START Provided information

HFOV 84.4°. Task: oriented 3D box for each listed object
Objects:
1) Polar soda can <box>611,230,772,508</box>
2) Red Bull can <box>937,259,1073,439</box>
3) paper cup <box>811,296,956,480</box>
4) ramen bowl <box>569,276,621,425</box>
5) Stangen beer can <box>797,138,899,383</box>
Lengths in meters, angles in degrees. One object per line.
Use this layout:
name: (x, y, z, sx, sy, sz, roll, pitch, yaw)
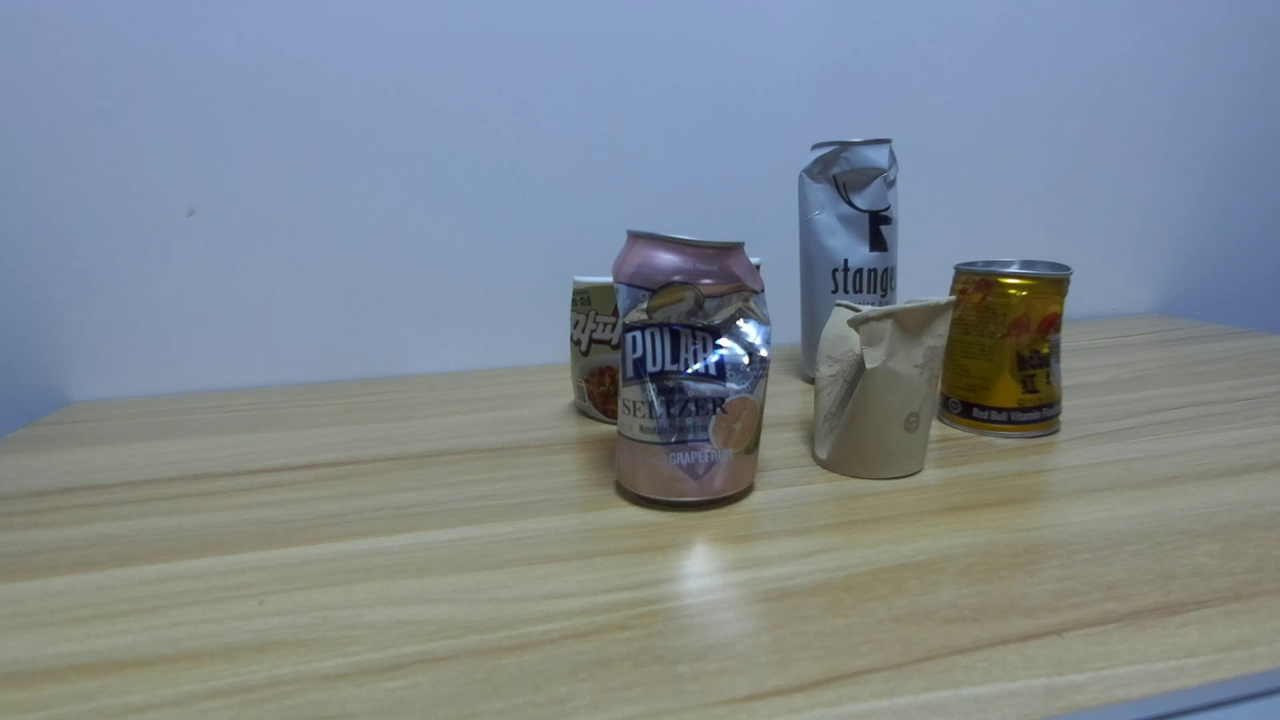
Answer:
Polar soda can: (0.025, 0.003, 0.337, 0.071, 0.121, 0.066, 0, 4, 6)
Red Bull can: (0.209, -0.009, 0.405, 0.072, 0.092, 0.072, -1, 13, 0)
paper cup: (0.114, 0.012, 0.352, 0.067, 0.083, 0.058, -8, 11, -40)
ramen bowl: (0.008, -0.013, 0.473, 0.111, 0.093, 0.129, 7, 14, 40)
Stangen beer can: (0.147, -0.065, 0.495, 0.065, 0.166, 0.066, 3, 12, 25)

END Provided information

■ Prompt
Copy out only the lines above from the one with "Lengths in meters, angles" to the one with "name: (x, y, z, sx, sy, sz, roll, pitch, yaw)", inclusive, exactly as they stand.

■ Answer section
Lengths in meters, angles in degrees. One object per line.
Use this layout:
name: (x, y, z, sx, sy, sz, roll, pitch, yaw)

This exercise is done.